Questions about training

microsoft / Deep3DFaceReconstruction

Accurate 3D Face Reconstruction with Weakly-Supervised Learning: From Single Image to Image Set (CVPRW 2019)

MIT License

2.18k stars 443 forks source link

Questions about training #129

Closed hanssssssss closed 3 years ago

hanssssssss commented 3 years ago

Hi ! I have some problems about training. Could you please tell me how big a dataset is able to produce a reasonable model ? I used 6000 faces , and the batchsize of my training is 16 , and I seted up 600 epoch to train. Is is a reasonable setting ?

Sorry for bothering you. Thanks.

YuDeng commented 3 years ago

In our experiment, we train the model with over 200k images. I think training the model with around 100k faces is reasonable. 6000 faces seems not enough.

hanssssssss commented 3 years ago

In our experiment, we train the model with over 200k images. I think training the model with around 100k faces is reasonable. 6000 faces seems not enough.

Thanks for your reply, how about the epoch? I see you set the train_maxiter = 200000, is it the epoch for the train? And I have another problems. I tried to overfit a single image, but the gamma loss was always 0 even though I add a small number (1e-5).Do you have any idea about it?

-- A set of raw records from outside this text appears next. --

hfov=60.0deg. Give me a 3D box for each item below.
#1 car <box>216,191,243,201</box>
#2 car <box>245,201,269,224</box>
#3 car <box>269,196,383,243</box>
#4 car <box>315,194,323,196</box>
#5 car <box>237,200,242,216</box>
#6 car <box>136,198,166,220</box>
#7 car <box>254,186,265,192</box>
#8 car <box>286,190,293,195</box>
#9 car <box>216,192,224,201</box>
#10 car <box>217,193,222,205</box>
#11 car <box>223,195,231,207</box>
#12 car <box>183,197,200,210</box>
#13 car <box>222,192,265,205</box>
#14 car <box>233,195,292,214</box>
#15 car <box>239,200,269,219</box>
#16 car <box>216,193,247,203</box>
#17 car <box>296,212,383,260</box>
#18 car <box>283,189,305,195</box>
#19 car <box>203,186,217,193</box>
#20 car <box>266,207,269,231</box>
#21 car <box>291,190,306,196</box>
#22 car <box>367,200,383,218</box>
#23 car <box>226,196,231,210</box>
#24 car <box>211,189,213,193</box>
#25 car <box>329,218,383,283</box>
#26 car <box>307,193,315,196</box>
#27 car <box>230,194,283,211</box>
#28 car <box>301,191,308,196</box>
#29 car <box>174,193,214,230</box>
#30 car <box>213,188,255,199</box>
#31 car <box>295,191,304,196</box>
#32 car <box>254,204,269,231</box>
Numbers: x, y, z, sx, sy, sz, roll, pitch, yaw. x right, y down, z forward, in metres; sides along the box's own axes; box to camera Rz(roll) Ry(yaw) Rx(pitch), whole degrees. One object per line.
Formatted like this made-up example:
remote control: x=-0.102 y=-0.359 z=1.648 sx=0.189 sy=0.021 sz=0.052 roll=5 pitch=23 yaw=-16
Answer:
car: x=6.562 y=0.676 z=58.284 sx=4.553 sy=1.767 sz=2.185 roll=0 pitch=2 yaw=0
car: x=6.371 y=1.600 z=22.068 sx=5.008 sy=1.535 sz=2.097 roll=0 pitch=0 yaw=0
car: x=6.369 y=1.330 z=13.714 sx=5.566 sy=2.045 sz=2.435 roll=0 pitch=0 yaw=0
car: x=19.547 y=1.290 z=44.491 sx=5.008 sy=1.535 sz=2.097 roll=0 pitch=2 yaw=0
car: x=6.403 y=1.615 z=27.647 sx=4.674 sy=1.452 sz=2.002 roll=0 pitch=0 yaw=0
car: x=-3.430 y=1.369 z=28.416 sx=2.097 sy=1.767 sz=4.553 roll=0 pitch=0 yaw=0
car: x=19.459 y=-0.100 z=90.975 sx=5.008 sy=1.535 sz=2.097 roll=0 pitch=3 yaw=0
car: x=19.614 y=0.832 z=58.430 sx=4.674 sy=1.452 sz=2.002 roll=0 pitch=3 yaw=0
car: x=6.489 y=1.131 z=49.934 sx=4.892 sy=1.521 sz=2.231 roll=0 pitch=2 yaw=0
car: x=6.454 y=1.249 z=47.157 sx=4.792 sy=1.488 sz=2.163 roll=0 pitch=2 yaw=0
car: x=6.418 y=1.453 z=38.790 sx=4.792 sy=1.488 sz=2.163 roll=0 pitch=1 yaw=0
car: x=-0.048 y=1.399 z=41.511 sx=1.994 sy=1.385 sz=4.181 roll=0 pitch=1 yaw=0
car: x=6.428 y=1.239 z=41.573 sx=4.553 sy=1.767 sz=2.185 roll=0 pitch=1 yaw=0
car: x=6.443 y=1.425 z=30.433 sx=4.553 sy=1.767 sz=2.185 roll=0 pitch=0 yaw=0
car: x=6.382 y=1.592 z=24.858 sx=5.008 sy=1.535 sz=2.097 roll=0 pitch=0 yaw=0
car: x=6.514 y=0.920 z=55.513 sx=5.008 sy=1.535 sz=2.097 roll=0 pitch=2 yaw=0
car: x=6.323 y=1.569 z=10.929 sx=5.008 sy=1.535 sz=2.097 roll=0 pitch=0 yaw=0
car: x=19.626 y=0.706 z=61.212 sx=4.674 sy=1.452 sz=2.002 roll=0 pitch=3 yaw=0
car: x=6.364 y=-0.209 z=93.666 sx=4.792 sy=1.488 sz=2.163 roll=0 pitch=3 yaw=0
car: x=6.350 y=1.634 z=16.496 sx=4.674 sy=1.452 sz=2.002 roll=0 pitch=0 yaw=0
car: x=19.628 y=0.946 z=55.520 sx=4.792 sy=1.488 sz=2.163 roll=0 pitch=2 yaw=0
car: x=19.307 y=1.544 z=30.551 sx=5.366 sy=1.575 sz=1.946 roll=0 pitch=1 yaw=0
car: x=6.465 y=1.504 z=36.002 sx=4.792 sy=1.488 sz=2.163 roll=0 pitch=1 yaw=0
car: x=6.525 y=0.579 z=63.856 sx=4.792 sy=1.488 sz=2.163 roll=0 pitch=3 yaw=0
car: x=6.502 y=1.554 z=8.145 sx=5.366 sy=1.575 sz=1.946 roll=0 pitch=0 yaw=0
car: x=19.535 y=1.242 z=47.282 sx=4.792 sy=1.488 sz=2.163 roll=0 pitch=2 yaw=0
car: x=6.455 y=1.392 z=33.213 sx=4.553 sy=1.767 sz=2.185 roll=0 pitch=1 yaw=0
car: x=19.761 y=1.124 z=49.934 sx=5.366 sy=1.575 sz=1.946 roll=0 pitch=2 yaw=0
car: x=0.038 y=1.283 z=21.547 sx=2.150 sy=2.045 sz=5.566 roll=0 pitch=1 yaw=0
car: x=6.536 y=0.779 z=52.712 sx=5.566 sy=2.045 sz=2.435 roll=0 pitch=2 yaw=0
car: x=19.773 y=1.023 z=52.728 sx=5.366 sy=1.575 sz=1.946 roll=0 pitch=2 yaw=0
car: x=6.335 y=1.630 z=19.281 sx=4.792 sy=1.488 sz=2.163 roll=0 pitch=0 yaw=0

Sincerely appreciate your help.

yougusee commented 3 years ago

In our experiment, we train the model with over 200k images. I think training the model with around 100k faces is reasonable. 6000 faces seems not enough.

Thanks for your reply, how about the epoch? I see you set the train_maxiter = 200000, is it the epoch for the train? And I have another problems. I tried to overfit a single image, but the gamma loss was always 0 even though I add a small number (1e-5).Do you have any idea about it?

Sincerely appreciate your help.

Excuse me, did you meet this problem during training? FailedPreconditionError (see above for traceback): Attempting to use uninitialized value InceptionResnetV1/Repeat/block35_2/Conv2d_1x1/biases

hanssssssss commented 3 years ago

In our experiment, we train the model with over 200k images. I think training the model with around 100k faces is reasonable. 6000 faces seems not enough.

Thanks for your reply, how about the epoch? I see you set the train_maxiter = 200000, is it the epoch for the train? And I have another problems. I tried to overfit a single image, but the gamma loss was always 0 even though I add a small number (1e-5).Do you have any idea about it? Sincerely appreciate your help.

Excuse me, did you meet this problem during training? FailedPreconditionError (see above for traceback): Attempting to use uninitialized value InceptionResnetV1/Repeat/block35_2/Conv2d_1x1/biases

I used pytorch to re-implement this work. Sorry , I didn't meet the similiar problem. Maybe you didn't download the pretrained weights of the facenet.

YuDeng commented 3 years ago

In our experiment, we train the model with over 200k images. I think training the model with around 100k faces is reasonable. 6000 faces seems not enough.

Thanks for your reply, how about the epoch? I see you set the train_maxiter = 200000, is it the epoch for the train? And I have another problems. I tried to overfit a single image, but the gamma loss was always 0 even though I add a small number (1e-5).Do you have any idea about it?

Sincerely appreciate your help.

In our original experiment, we use around 260k images and train the model with a batchsize of 5 for 500k iterations. That is about 10 epochs.

I have no idea why your gamma loss is always 0. Maybe you can save the gamma output during training to see what is going wrong.

hanssssssss commented 3 years ago

In our experiment, we train the model with over 200k images. I think training the model with around 100k faces is reasonable. 6000 faces seems not enough.

Thanks for your reply, how about the epoch? I see you set the train_maxiter = 200000, is it the epoch for the train? And I have another problems. I tried to overfit a single image, but the gamma loss was always 0 even though I add a small number (1e-5).Do you have any idea about it? Sincerely appreciate your help.

In our original experiment, we use around 260k images and train the model with a batchsize of 5 for 500k iterations. That is about 10 epochs.

I have no idea why your gamma loss is always 0. Maybe you can save the gamma output during training to see what is going wrong.

Thanks for you help!!! I will try to figure what is happening with my gamma loss in my training.